Quantcast
Climate
NASA

World Is Set to Warm 3.4°C By 2100

By Alex Kirby

By approaching 2100, a world set for 3.4˚C will, on present trends, probably be the reality confronting our descendants—slightly less warm than looked likely a year ago, analysts think. That's the good news, you could say.

But the bad news is twofold. First, this improvement in planetary prospects will still leave the global temperature increase more than twice as high as the internationally agreed target of 1.5˚C. And secondly, it depends largely on the efforts of just two countries—China and India.


They have made significant progress in tackling climate change in the last twelve months. In contrast, a report by the analysts, from the Climate Action Tracker (CAT), says that not only U.S. climate policy has been rolled back under President Trump.
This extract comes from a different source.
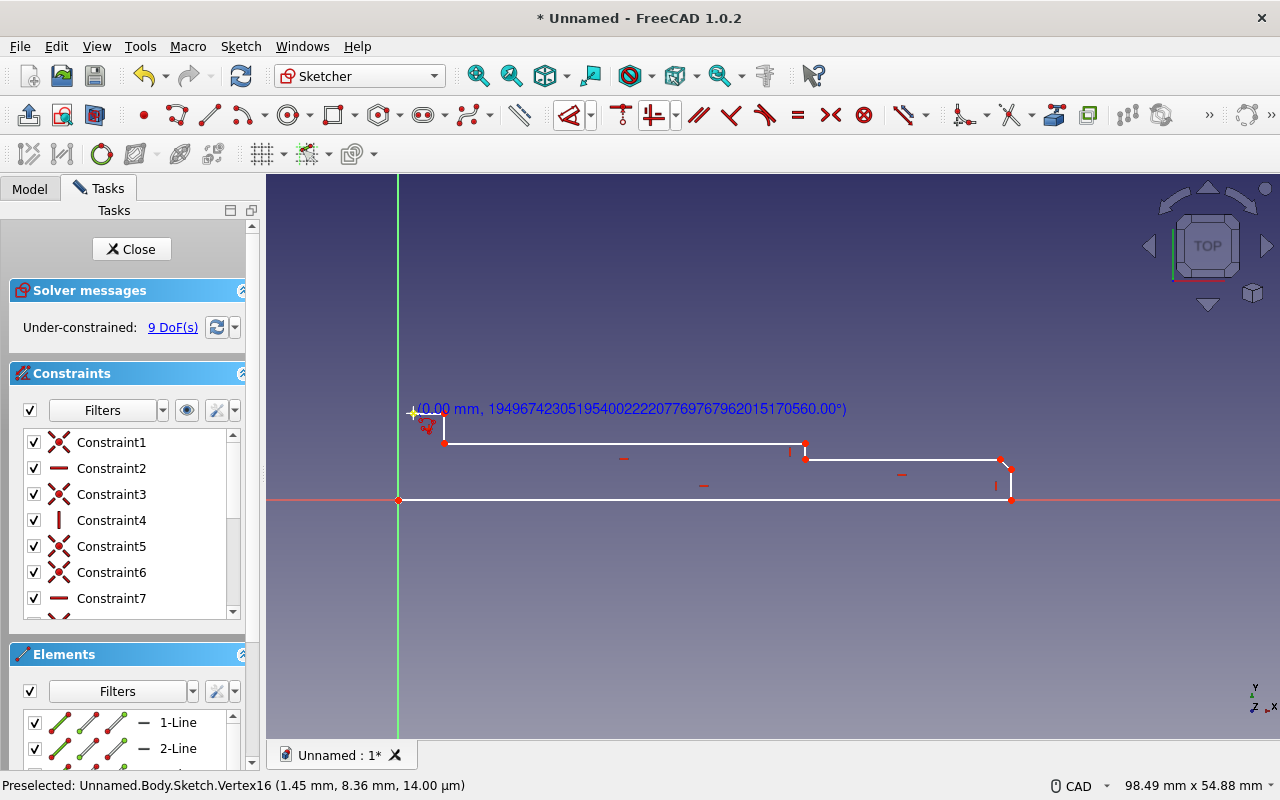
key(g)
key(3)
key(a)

Most individual governments' climate commitments are going in the wrong direction.

The CAT report says the world will, on present trends, still reach 2100 a long way above the 1.5˚C target for the Earth's maximum tolerable temperature rise, which was endorsed in the Paris agreement.
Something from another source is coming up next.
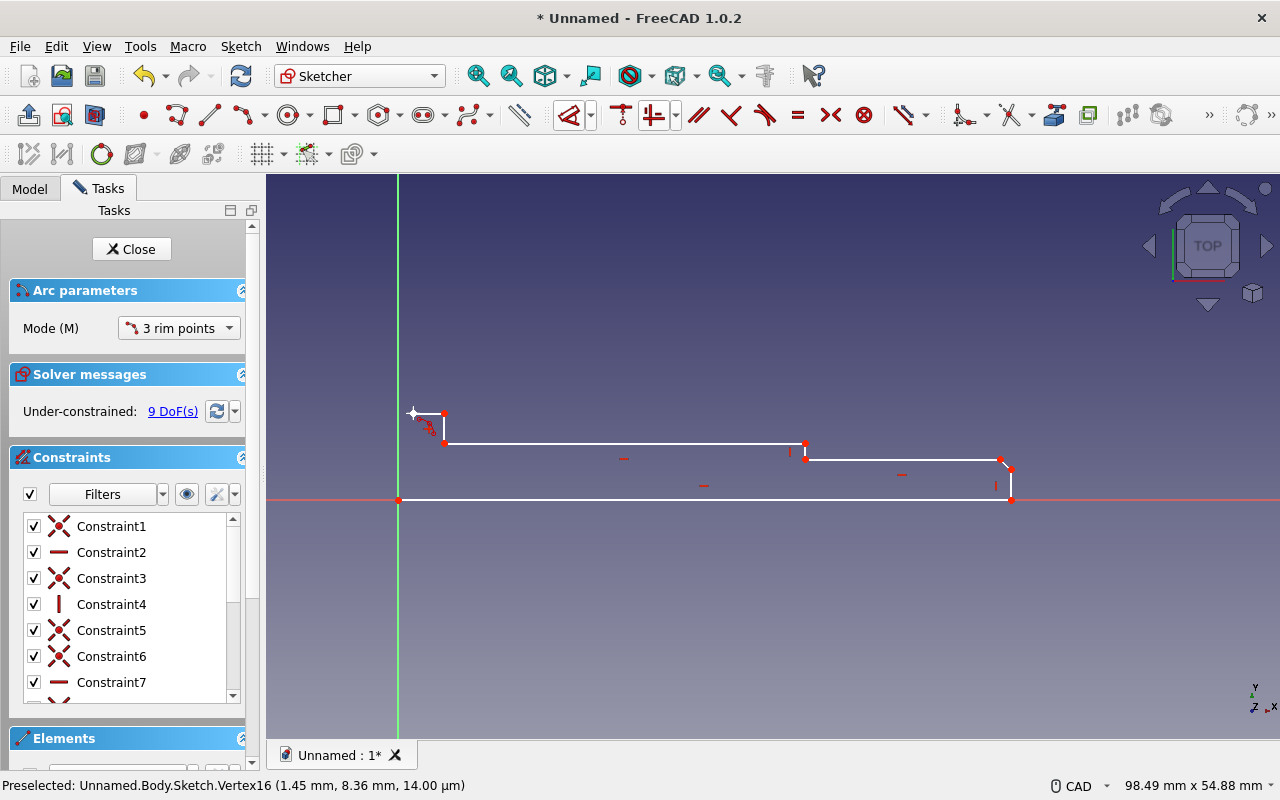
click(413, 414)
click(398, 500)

The Climate Action Tracker is an independent science-based assessment that each year tracks countries' emission commitments and actions. Its members are Climate Analytics, Ecofys and NewClimate Institute.

The CAT's latest greenhouse gas (GHG) emissions projections, based on government policies currently in place, suggest they will lead to a 0.2°C decrease in projected warming, to 3.4˚C by 2100, compared with 3.6˚C in November 2016.
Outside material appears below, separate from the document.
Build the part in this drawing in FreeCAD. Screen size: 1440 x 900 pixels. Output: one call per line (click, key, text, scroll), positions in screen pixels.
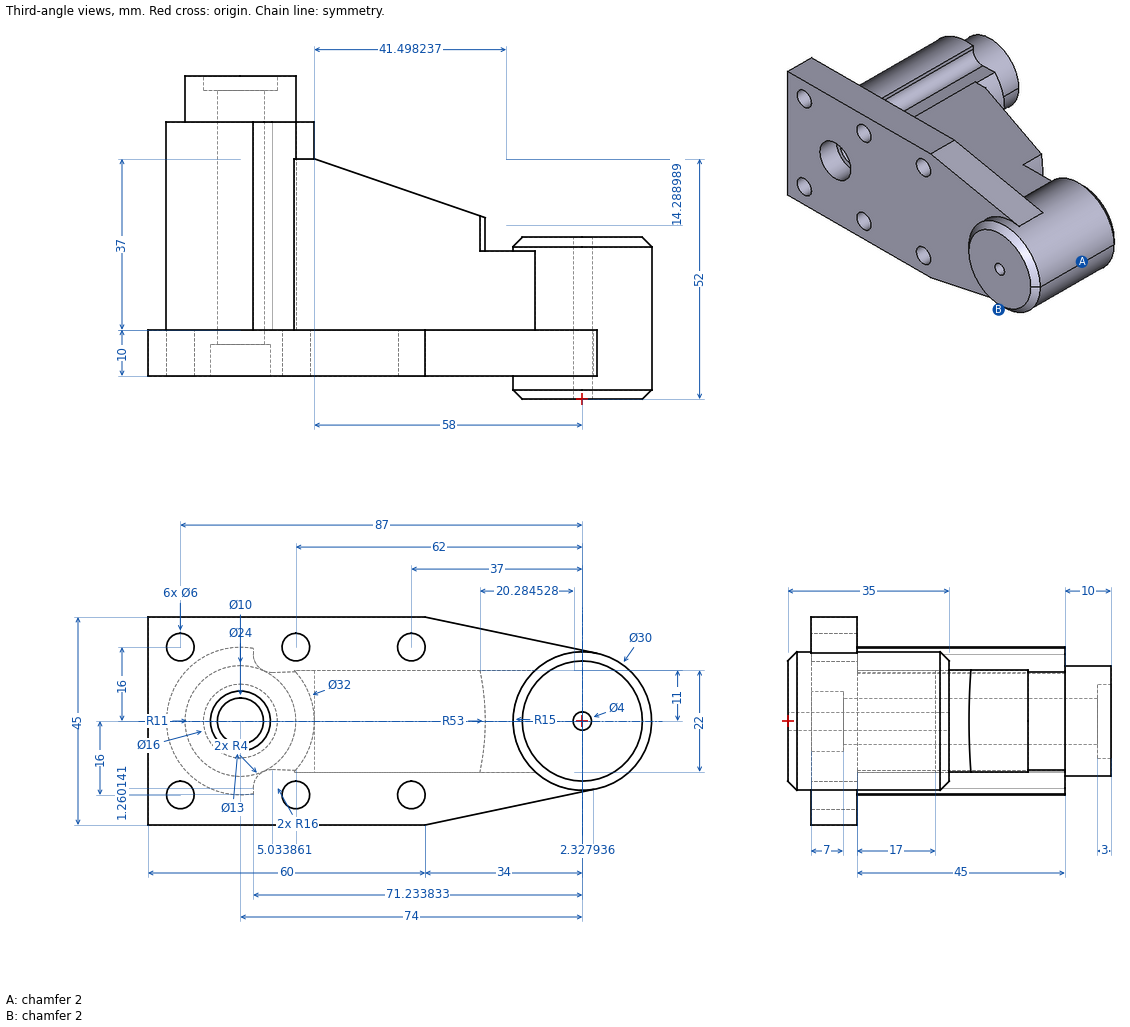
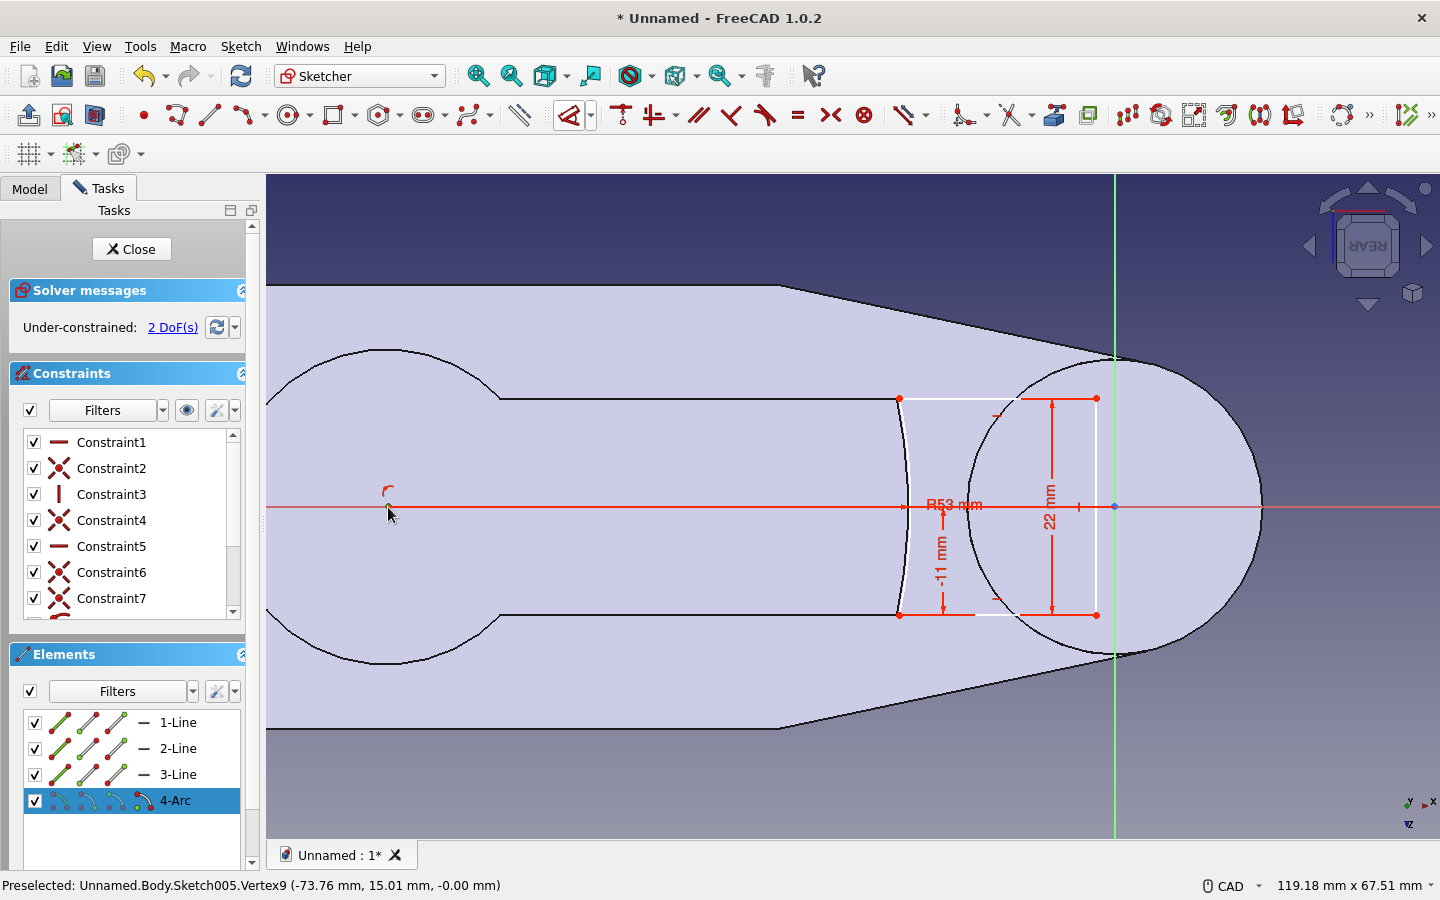
click(590, 116)

This is the first time since the CAT began tracking action in 2009 that policies at a national level have visibly reduced its end-of-century temperature estimate and also reduced the 2030 emissions gap between current policies and what is needed to meet the 1.5°C temperature limit.

The analysts say China's emissions growth has slowed dramatically: in the first decade of this century, its emissions grew by 110 percent, but between 2010 and 2015, growth had slowed to only 16 percent. China is set to far overachieve its climate commitment, or Nationally Determined Contribution (NDC) as countries' undertakings are known in the UN.

The CAT's estimate of emissions from China in 2030 is 13 GtCO2e‚ 0.7 GtCO2e lower than its 2016 estimate. If China continues with its coal abatement, this could drop by another 0.7 GtCO2e.

One Gt is one gigatonne, a billion metric tons; CO2e, carbon dioxide equivalent, expresses the impact of different greenhouse gases in terms of CO2.

Need for Review

Equally, India has increased its climate action, the analysts say. If it fully implemented its Draft Electricity Plan, its emissions in 2030 would be 4.5 GtCO2e—almost 1 GtCO2e lower than the CAT predicted last year.

If India were to strengthen its NDC to match the ambition level of its Draft Electricity Plan, its targeted emissions level would be moving much closer to the range compatible with the Paris target of 1.5˚C.

"It is clear who the leaders are here: in the face of U.S. inaction, China and India are stepping up," said Bill Hare of Climate Analytics. "However, both need to review—and strengthen—their Paris commitments."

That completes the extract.